Shortbread

By User:Dave souza (Own work) [CC-BY-SA-2.5 (http://creativecommons.org/licenses/by-sa/2.5)], via Wikimedia Commons

Shortbread fingers

Sift 8 ounces of all purpose (tout usage, plain) flour, one ounce of ground semolina and half a teaspoon of salt into a mixing bowl. Using a magic pastry fork, blend in 6 ounces of butter or cooking marge. Add 3 ounces of vanilla sugar, and blend that in. (You make vanilla sugar by putting a vanilla pod in a glass jar and filling the jar with ordinary white sugar, then sealing the jar and leaving it there for a few days or weeks or months.) When the mixture is like fine breadcrumbs, mix in some ice-cold water until it forms a dough. Then wrap in greaseproof (waxed) paper and chill in the fridge for an hour before doing anything with it.

You can then form it into a circle, mark triangles on it, pricl ot all over with a fork, sprinkle it with sugar and bake it at 180 for 40 minutes and then when cool cut it into triangles.

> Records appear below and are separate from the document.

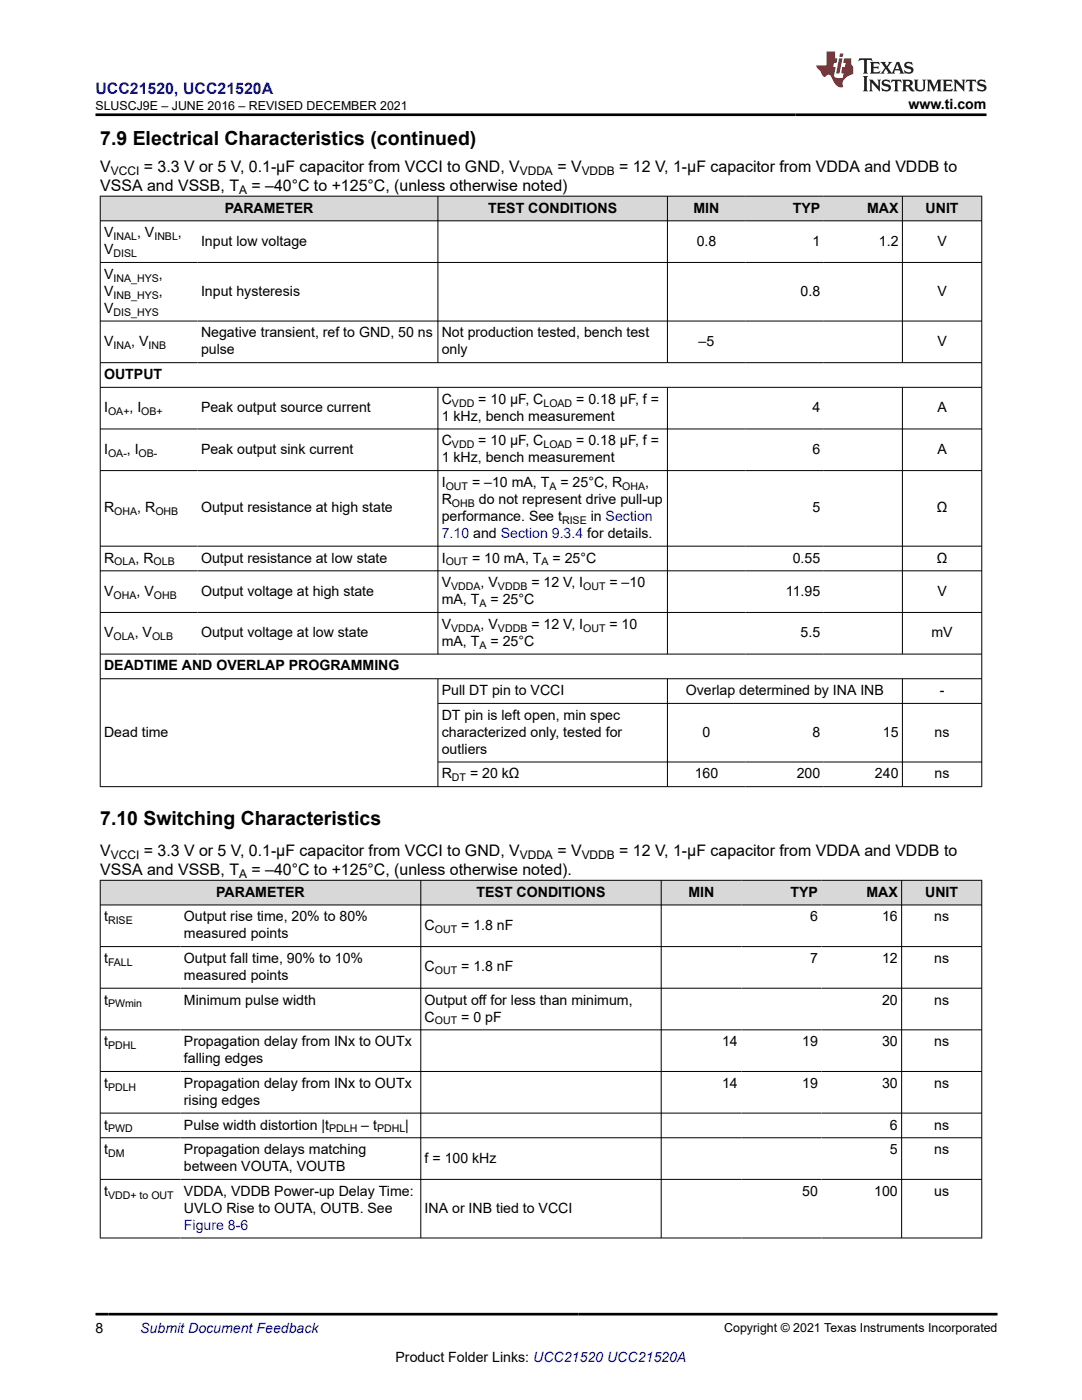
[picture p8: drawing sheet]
<svg xmlns="http://www.w3.org/2000/svg" width="216mm" height="279mm" viewBox="0 0 216 279" stroke-linecap="round" stroke-linejoin="round" font-family="sans-serif">
<defs><g id="words">
<g font-size="3.9">
<text x="20" y="28.8">7.9 Electrical Characteristics (continued)</text>
<text x="20" y="164.7">7.10 Switching Characteristics</text>
</g>
<text font-size="3.2" fill="#00f" x="19.1" y="18.7">UCC21520, UCC21520A</text>
<g font-size="3.2">
<text x="20" y="34.3">V</text>
<text x="28.7" y="34.3">= 3.3 V or 5 V, 0.1-µF capacitor from VCCI to GND, V</text>
<text x="111.2" y="34.3">= V</text>
<text x="123.6" y="34.3">= 12 V, 1-µF capacitor from VDDA and VDDB to</text>
<text x="20" y="38.1">VSSA and VSSB, T</text>
<text x="50.2" y="38.1">= –40°C to +125°C, (unless otherwise noted)</text>
<text x="20" y="170.8">V</text>
<text x="28.7" y="170.8">= 3.3 V or 5 V, 0.1-µF capacitor from VCCI to GND, V</text>
<text x="111.2" y="170.8">= V</text>
<text x="123.6" y="170.8">= 12 V, 1-µF capacitor from VDDA and VDDB to</text>
<text x="20" y="174.6">VSSA and VSSB, T</text>
<text x="50.2" y="174.6">= –40°C to +125°C, (unless otherwise noted).</text>
</g>
<g font-size="2.8">
<text x="181.3" y="21.8">www.ti.com</text>
<text x="20.8" y="47.3">V</text>
<text x="27.4" y="47.3">, V</text>
<text x="35.5" y="47.3">,</text>
<text x="44.9" y="42.4">PARAMETER</text>
<text x="97.4" y="42.4">TEST CONDITIONS</text>
<text x="138.4" y="42.4">MIN</text>
<text x="158.2" y="42.4">TYP</text>
<text x="173" y="42.4">MAX</text>
<text x="184.7" y="42.4">UNIT</text>
<text x="20.8" y="50.7">V</text>
<text x="40.1" y="49">Input low voltage</text>
<text x="139" y="49">0.8</text>
<text x="162.1" y="49">1</text>
<text x="175.4" y="49">1.2</text>
<text x="187" y="49">V</text>
<text x="20.8" y="55.7">V</text>
<text x="20.8" y="59">V</text>
<text x="31.7" y="55.7">,</text>
<text x="31.7" y="59">,</text>
<text x="40.1" y="59">Input hysteresis</text>
<text x="159.8" y="59">0.8</text>
<text x="187" y="59">V</text>
<text x="20.8" y="62.4">V</text>
<text x="20.8" y="69">V</text>
<text x="26.2" y="69">, V</text>
<text x="40.1" y="67.3">Negative transient, ref to GND, 50 ns</text>
<text x="40.1" y="70.7">pulse</text>
<text x="88.1" y="67.3">Not production tested, bench test</text>
<text x="88.1" y="70.7">only</text>
<text x="139.4" y="69">–5</text>
<text x="187" y="69">V</text>
<text x="20.8" y="75.7">OUTPUT</text>
<text x="20.8" y="82.3">I</text>
<text x="25.8" y="82.3">, I</text>
<text x="40.1" y="82.3">Peak output source current</text>
<text x="88.1" y="80.6">C</text>
<text x="88.1" y="84">1 kHz, bench measurement</text>
<text x="95.4" y="80.6">= 10 µF, C</text>
<text x="115" y="80.6">= 0.18 µF, f =</text>
<text x="162.1" y="82.3">4</text>
<text x="187" y="82.3">A</text>
<text x="88.1" y="88.9">C</text>
<text x="95.4" y="88.9">= 10 µF, C</text>
<text x="115" y="88.9">= 0.18 µF, f =</text>
<text x="20.8" y="90.6">I</text>
<text x="25.3" y="90.6">, I</text>
<text x="40.1" y="90.6">Peak output sink current</text>
<text x="88.1" y="92.3">1 kHz, bench measurement</text>
<text x="162.1" y="90.6">6</text>
<text x="187" y="90.6">A</text>
<text x="88.1" y="97.2">I</text>
<text x="88.1" y="100.6">R</text>
<text x="94.2" y="97.2">= –10 mA, T</text>
<text x="95.6" y="100.6">do not represent drive pull-up</text>
<text x="111.8" y="97.2">= 25°C, R</text>
<text x="128.8" y="97.2">,</text>
<text x="20.8" y="102.3">R</text>
<text x="27.4" y="102.3">, R</text>
<text x="40.1" y="102.3">Output resistance at high state</text>
<text x="88.1" y="104">performance. See t</text>
<text x="117.9" y="104">in Section</text>
<text x="162.1" y="102.3">5</text>
<text x="186.9" y="102.3">Ω</text>
<text x="20.8" y="112.3">R</text>
<text x="27" y="112.3">, R</text>
<text x="40.1" y="112.3">Output resistance at low state</text>
<text x="88.1" y="112.3">I</text>
<text x="94.2" y="112.3">= 10 mA, T</text>
<text x="110.3" y="112.3">= 25°C</text>
<text x="158.2" y="112.3">0.55</text>
<text x="186.9" y="112.3">Ω</text>
<text x="20.8" y="118.9">V</text>
<text x="27.2" y="118.9">, V</text>
<text x="40.1" y="118.9">Output voltage at high state</text>
<text x="88.1" y="117.2">V</text>
<text x="95.9" y="117.2">, V</text>
<text x="106" y="117.2">= 12 V, I</text>
<text x="121.6" y="117.2">= –10</text>
<text x="156.8" y="118.9">11.95</text>
<text x="187" y="118.9">V</text>
<text x="88.1" y="125.5">V</text>
<text x="88.1" y="120.6">mA, T</text>
<text x="95.9" y="125.5">, V</text>
<text x="97.9" y="120.6">= 25°C</text>
<text x="106" y="125.5">= 12 V, I</text>
<text x="121.6" y="125.5">= 10</text>
<text x="20.8" y="127.2">V</text>
<text x="26.9" y="127.2">, V</text>
<text x="40.1" y="127.2">Output voltage at low state</text>
<text x="88.1" y="128.9">mA, T</text>
<text x="97.9" y="128.9">= 25°C</text>
<text x="159.8" y="127.2">5.5</text>
<text x="185.9" y="127.2">mV</text>
<text x="20.8" y="133.8">DEADTIME AND OVERLAP PROGRAMMING</text>
<text x="88.1" y="138.7">Pull DT pin to VCCI</text>
<text x="88.1" y="143.7">DT pin is left open, min spec</text>
<text x="136.9" y="138.7">Overlap determined by INA INB</text>
<text x="187.5" y="138.7">-</text>
<text x="20.8" y="147">Dead time</text>
<text x="88.1" y="147">characterized only, tested for</text>
<text x="140.2" y="147">0</text>
<text x="162.1" y="147">8</text>
<text x="176.2" y="147">15</text>
<text x="186.5" y="147">ns</text>
<text x="88.1" y="150.4">outliers</text>
<text x="88.1" y="155.3">R</text>
<text x="93.8" y="155.3">= 20 kΩ</text>
<text x="138.6" y="155.3">160</text>
<text x="159" y="155.3">200</text>
<text x="174.6" y="155.3">240</text>
<text x="186.5" y="155.3">ns</text>
<text x="43.2" y="179">PARAMETER</text>
<text x="95.1" y="179">TEST CONDITIONS</text>
<text x="137.4" y="179">MIN</text>
<text x="157.7" y="179">TYP</text>
<text x="172.9" y="179">MAX</text>
<text x="184.6" y="179">UNIT</text>
<text x="20.8" y="183.9">t</text>
<text x="36.7" y="183.9">Output rise time, 20% to 80%</text>
<text x="84.7" y="185.6">C</text>
<text x="92" y="185.6">= 1.8 nF</text>
<text x="161.6" y="183.9">6</text>
<text x="176" y="183.9">16</text>
<text x="186.4" y="183.9">ns</text>
<text x="36.7" y="187.3">measured points</text>
<text x="20.8" y="192.2">t</text>
<text x="36.7" y="192.2">Output fall time, 90% to 10%</text>
<text x="36.7" y="195.6">measured points</text>
<text x="84.7" y="193.9">C</text>
<text x="92" y="193.9">= 1.8 nF</text>
<text x="161.6" y="192.2">7</text>
<text x="176" y="192.2">12</text>
<text x="186.4" y="192.2">ns</text>
<text x="20.8" y="200.5">t</text>
<text x="36.7" y="200.5">Minimum pulse width</text>
<text x="84.7" y="200.5">Output off for less than minimum,</text>
<text x="84.7" y="203.9">C</text>
<text x="92" y="203.9">= 0 pF</text>
<text x="176" y="200.5">20</text>
<text x="186.4" y="200.5">ns</text>
<text x="20.8" y="208.8">t</text>
<text x="36.7" y="208.8">Propagation delay from INx to OUTx</text>
<text x="144.1" y="208.8">14</text>
<text x="160.1" y="208.8">19</text>
<text x="176" y="208.8">30</text>
<text x="186.4" y="208.8">ns</text>
<text x="36.7" y="212.2">falling edges</text>
<text x="20.8" y="217.1">t</text>
<text x="36.7" y="217.1">Propagation delay from INx to OUTx</text>
<text x="36.7" y="220.5">rising edges</text>
<text x="144.1" y="217.1">14</text>
<text x="160.1" y="217.1">19</text>
<text x="176" y="217.1">30</text>
<text x="186.4" y="217.1">ns</text>
<text x="20.8" y="225.4">t</text>
<text x="36.7" y="225.4">Pulse width distortion |t</text>
<text x="72.1" y="225.4">– t</text>
<text x="80.9" y="225.4">|</text>
<text x="177.6" y="225.4">6</text>
<text x="186.4" y="225.4">ns</text>
<text x="20.8" y="230.3">t</text>
<text x="36.7" y="230.3">Propagation delays matching</text>
<text x="36.7" y="233.7">between VOUTA, VOUTB</text>
<text x="84.7" y="232">f = 100 kHz</text>
<text x="177.6" y="230.3">5</text>
<text x="186.4" y="230.3">ns</text>
<text x="20.8" y="238.6">t</text>
<text x="36.7" y="238.6">VDDA, VDDB Power-up Delay Time:</text>
<text x="160.1" y="238.6">50</text>
<text x="174.4" y="238.6">100</text>
<text x="186.4" y="238.6">us</text>
<text x="36.7" y="242">UVLO Rise to OUTA, OUTB. See</text>
<text x="84.7" y="242">INA or INB tied to VCCI</text>
<text x="19.1" y="266.1">8</text>
<text x="78.9" y="271.7">Product Folder Links: UCC21520 UCC21520A</text>
</g>
<g font-size="2.8" fill="#00f">
<text x="88.1" y="107.4">7.10 and Section 9.3.4 for details.</text>
<text x="36.7" y="245.4">Figure 8-6</text>
<text x="28" y="266.1">Submit Document Feedback</text>
</g>
<g font-size="2.5">
<text x="19" y="21.9">SLUSCJ9E – JUNE 2016 – REVISED DECEMBER 2021</text>
<text x="144.5" y="265.8">Copyright © 2021 Texas Instruments Incorporated</text>
</g>
<g font-size="2.4">
<text x="22.1" y="34.9">VCCI</text>
<text x="103.7" y="34.9">VDDA</text>
<text x="116.1" y="34.9">VDDB</text>
<text x="47.7" y="38.7">A</text>
<text x="22.1" y="171.5">VCCI</text>
<text x="103.7" y="171.5">VDDA</text>
<text x="116.1" y="171.5">VDDB</text>
<text x="47.7" y="175.3">A</text>
</g>
<g font-size="2.1">
<text x="22.6" y="47.9">INAL</text>
<text x="30.8" y="47.9">INBL</text>
<text x="22.7" y="51.3">DISL</text>
<text x="22.6" y="56.2">INA_HYS</text>
<text x="22.7" y="59.6">INB_HYS</text>
<text x="22.6" y="63">DIS_HYS</text>
<text x="22.6" y="69.6">INA</text>
<text x="29.6" y="69.6">INB</text>
<text x="21.6" y="82.8">OA+</text>
<text x="28.2" y="82.8">OB+</text>
<text x="90.2" y="81.1">VDD</text>
<text x="108.4" y="81.1">LOAD</text>
<text x="90.2" y="89.4">VDD</text>
<text x="108.4" y="89.4">LOAD</text>
<text x="21.6" y="91.1">OA-</text>
<text x="27.7" y="91.1">OB-</text>
<text x="88.9" y="97.8">OUT</text>
<text x="90.2" y="101.1">OHB</text>
<text x="109.6" y="97.8">A</text>
<text x="124.2" y="97.8">OHA</text>
<text x="22.8" y="102.8">OHA</text>
<text x="31" y="102.8">OHB</text>
<text x="112.1" y="104.5">RISE</text>
<text x="22.8" y="112.8">OLA</text>
<text x="30.6" y="112.8">OLB</text>
<text x="88.9" y="112.8">OUT</text>
<text x="108.1" y="112.8">A</text>
<text x="22.6" y="119.5">OHA</text>
<text x="30.7" y="119.5">OHB</text>
<text x="90" y="117.8">VDDA</text>
<text x="99.4" y="117.8">VDDB</text>
<text x="116.4" y="117.8">OUT</text>
<text x="95.7" y="121.1">A</text>
<text x="22.6" y="127.8">OLA</text>
<text x="30.3" y="127.8">OLB</text>
<text x="90" y="126.1">VDDA</text>
<text x="95.7" y="129.5">A</text>
<text x="99.4" y="126.1">VDDB</text>
<text x="116.4" y="126.1">OUT</text>
<text x="90.2" y="155.9">DT</text>
<text x="21.6" y="184.4">RISE</text>
<text x="86.8" y="186.1">OUT</text>
<text x="21.6" y="192.8">FALL</text>
<text x="86.8" y="194.4">OUT</text>
<text x="21.6" y="201.1">PWmin</text>
<text x="21.6" y="209.4">PDHL</text>
<text x="86.8" y="204.4">OUT</text>
<text x="21.6" y="217.7">PDLH</text>
<text x="21.6" y="226">PWD</text>
<text x="65.7" y="226">PDLH</text>
<text x="75.2" y="226">PDHL</text>
<text x="21.6" y="230.9">DM</text>
<text x="21.6" y="239.2">VDD+ to OUT</text>
</g>
</g></defs>
<g fill="#d8d8d8">
<path d="M20 39.1h175.9v5h-175.9z" fill-rule="evenodd"/>
<path d="M20.1 39.2h67.2v4.8h-67.2z" fill-rule="evenodd"/>
<path d="M87.4 39.2h45.7v4.8h-45.7z" fill-rule="evenodd"/>
<path d="M133.2 39.2h15.5v4.8h-15.5z" fill-rule="evenodd"/>
<path d="M148.7 39.2h15.7v4.8h-15.7z" fill-rule="evenodd"/>
<path d="M164.4 39.2h15.6v4.8h-15.6z" fill-rule="evenodd"/>
<path d="M180.1 39.2h15.7v4.8h-15.7z" fill-rule="evenodd"/>
</g>
<g fill="none" stroke="#000" stroke-width=".2">
<path d="M19.9 39.1h176.1M20 39.1v118M87.4 39.1v33.3M133.2 39.1v33.3M180.1 39.1v33.3M195.9 39.1v118M19.9 44.1h176.1M19.9 52.4h176.1M19.9 64.1h176.1M19.9 72.4h176.1M19.9 77.3h176.1M87.4 77.3v53.3"/>
<path d="M133.2 77.3v53.3M180.1 77.3v53.3M19.9 85.6h176.1M19.9 93.9h176.1M19.9 109h176.1M19.9 113.9h176.1M19.9 122.2h176.1M19.9 130.5h176.1M19.9 135.5h176.1M87.4 135.5v21.6M133.2 135.5v21.6M180.1 135.5v21.6"/>
<path d="M19.9 157h176.1M87.4 140.4h108.6M87.4 152.1h108.6"/>
</g>
<g fill="#d8d8d8">
<path d="M20 175.7h175.9v4.9h-175.9z" fill-rule="evenodd"/>
<path d="M20.1 175.7h63.8v4.8h-63.8z" fill-rule="evenodd"/>
<path d="M84 175.7h47.9v4.8h-47.9z" fill-rule="evenodd"/>
<path d="M132 175.7h15.9v4.8h-15.9z" fill-rule="evenodd"/>
<path d="M147.9 175.7h16v4.8h-16z" fill-rule="evenodd"/>
<path d="M163.9 175.7h15.9v4.8h-15.9z" fill-rule="evenodd"/>
<path d="M180 175.7h15.8v4.8h-15.8z" fill-rule="evenodd"/>
</g>
<g fill="none" stroke="#000" stroke-width=".2">
<path d="M19.9 175.7h176.1M20 175.6v71.5M84 175.6v71.5M131.9 175.6v71.5M179.9 175.6v71.5M195.9 175.6v71.5M19.9 180.6h176.1M19.9 188.9h176.1M19.9 197.2h176.1M19.9 205.5h176.1M19.9 213.8h176.1M19.9 222.1h176.1"/>
<path d="M19.9 227.1h176.1M19.9 235.4h176.1M19.9 247.1h176.1"/>
</g>
<path d="M171.5 11.6l-.2 .6 .5-.2h.6v.1v2.2l-.2 .4h1l-.2-.4v-2.2v-.1h.5l.6 .2-.2-.6zM173.6 12.4l.2 .3v1.6l-.2 .4h1.9l.1-.6a1.08 1.08 0 0 1-1.3 .2v-.7h.6l.4 .2v-.7l-.4 .2h-.6v-.5l.2-.2a1 1 0 0 1 1 .3l-.1-.5zM175.7 12.4l.9 1.1-1 1.2h.9l-.2-.2 .5-.8 .4 .8-.2 .2h1.6l-.2-.2 .2-.5h.9l.1 .5-.1 .2h.9l-.2-.4-.8-1.9h-.5l-.9 2.1-.9-1.1 .9-1h-.8l.2 .2-.4 .6-.4-.6 .2-.2zM179 12.8l.4 1h-.7zM180.7 12.5a.65 .65 0 0 0-.2 .7 .65 .65 0 0 0 .6 .5l.6 .1 .1 .3a.79 .79 0 0 1-.7 .4 .79 .79 0 0 1-.7-.5l.1 .7 .2-.1a.93 .93 0 0 0 1.1 0 .93 .93 0 0 0 .4-.9 1.46 1.46 0 0 0-1.2-.6l-.1-.3a1.09 1.09 0 0 1 1.2 .2l-.2-.6-.1 .1-.5-.2zM172.2 15.2l.2 .4v2.2l-.2 .4h1l-.2-.4v-2.2l.2-.4zM173.4 15.9l.2 .4v1.5l-.2 .4h.8l-.3-.4 .1-1.3 1.6 1.8v-2l.2-.4h-.7l.1 .2 .1 1.1-1.2-1.3zM176.2 16a.65 .65 0 0 0-.2 .8 .65 .65 0 0 0 .6 .4l.6 .2 .1 .2a.79 .79 0 0 1-.7 .4 .79 .79 0 0 1-.7-.5l.1 .7 .2-.1a.93 .93 0 0 0 1.1 .1 .93 .93 0 0 0 .4-1 1.46 1.46 0 0 0-1.2-.5l-.1-.4a1.09 1.09 0 0 1 1.2 .2l-.1-.6-.2 .1-.5-.1zM177.9 15.9l-.1 .6a.63 .63 0 0 1 .8-.3v1.6l-.3 .4h1l-.2-.4v-1.6a.66 .66 0 0 1 .8 .3l-.1-.6zM180 15.9l.2 .4v1.5l-.2 .4h1l-.2-.2-.1-.7h.5l.1 .2a.79 .79 0 0 0 1.2 .6l-1-.9a.61 .61 0 0 0 .6-.6 .61 .61 0 0 0-.5-.7zM180.8 16.2h.1a.47 .47 0 0 1 .5 .1 .47 .47 0 0 1 .1 .5l-.1 .1-.7 .1zM182.3 15.9l.2 .2a2.27 2.27 0 0 0 .4 2 1.04 1.04 0 0 0 1.7-.7v-1.3l.2-.2h-.8l.2 .4v1.1a.6 .6 0 0 1-.6 .6 .6 .6 0 0 1-.6-.6v-1.1l.3-.4zM184.9 15.9l.2 .4v1.5l-.2 .4h.8l-.3-.4v-1.4l.9 1.9 .9-1.9v1.4l-.3 .4h1l-.2-.4v-1.5l.2-.4h-.8l-.7 1.5-.6-1.5zM188.1 15.9l.2 .4v1.5l-.2 .4h1.9l.1-.6a1.09 1.09 0 0 1-1.3 .2v-.7h.6l.4 .2v-.6l-.4 .2h-.6v-.6l.2-.1a1.01 1.01 0 0 1 1 .3l-.1-.6zM190.2 15.9l.3 .4v1.5l-.3 .4h.8l-.2-.4v-1.3l1.6 1.8v-2l.2-.4h-.7l.2 .2v1.1l-1.2-1.3zM192.8 15.9l-.1 .6a.63 .63 0 0 1 .8-.3v1.6l-.3 .4h1l-.2-.4v-1.6a.66 .66 0 0 1 .8 .3l-.1-.6zM195.2 16a.65 .65 0 0 0-.2 .8 .65 .65 0 0 0 .6 .4l.6 .2 .2 .2a.79 .79 0 0 1-.7 .4 .79 .79 0 0 1-.7-.5l.1 .7 .2-.1a.93 .93 0 0 0 1 .1 .93 .93 0 0 0 .5-1 1.46 1.46 0 0 0-1.3-.5v-.4a1.09 1.09 0 0 1 1.2 .2l-.2-.6-.2 .1-.5-.1z" fill="#231f20"/>
<path d="M164.9 10.3v2.7h-2l.1 .4 .8 1a.95 .95 0 0 0 1 .9 .59 .59 0 0 1 .5-.4 .59 .59 0 0 1 .5 .3l.4 .8a1.59 1.59 0 0 0 2.1 1.4 1.61 1.61 0 0 1 1-2.3l1-.3-.1-1.5a1.59 1.59 0 0 1-.3-1.7h-1.5l-.2 .9h.6l-.2 .9h-.5l-.2 .9v.3l.4 .1-.1 .9h-.7a.73 .73 0 0 1-1-.7l.3-1.5h-.5l.1-.9h.5l.2-.9h-.5v-1.3zM167.4 11.6l-.6 3.1h.7l.6-3.1zM167.6 10.7l-.1 .6h.7l.1-.6z" fill="#ed1c24"/>
<path d="M19.1 22.9h177.8M19.1 262.3h179.9" fill="none" stroke="#000" stroke-width=".53"/>
<use href="#words"/>
</svg>

You can flatten it into a tin and mark it into fingers, prick it all over with a fork, and bake it at 180 for 40 minutes and then cut it into fingers.

Or you can add chocolate chips and form it into flattened balls and bake them at 180 until they look like chocolate chip cookies.

Or you can use it as a base for any number of things — butter tarts, cheesecake, yokki, spiced peach tarts, clafouti, mince pies, apple pie — anything where you want a sweet crust. This is my all purpose standard basic no fail base and cookie. Usually my recipes for these things want half this quantity, but for quantum reasons this is the smallest amount it’s possible to make, so you can use the half you want and either just bake the rest as shortbread or do something else with it. The dough keeps for days in the fridge, or  you can also freeze it in a ziplock.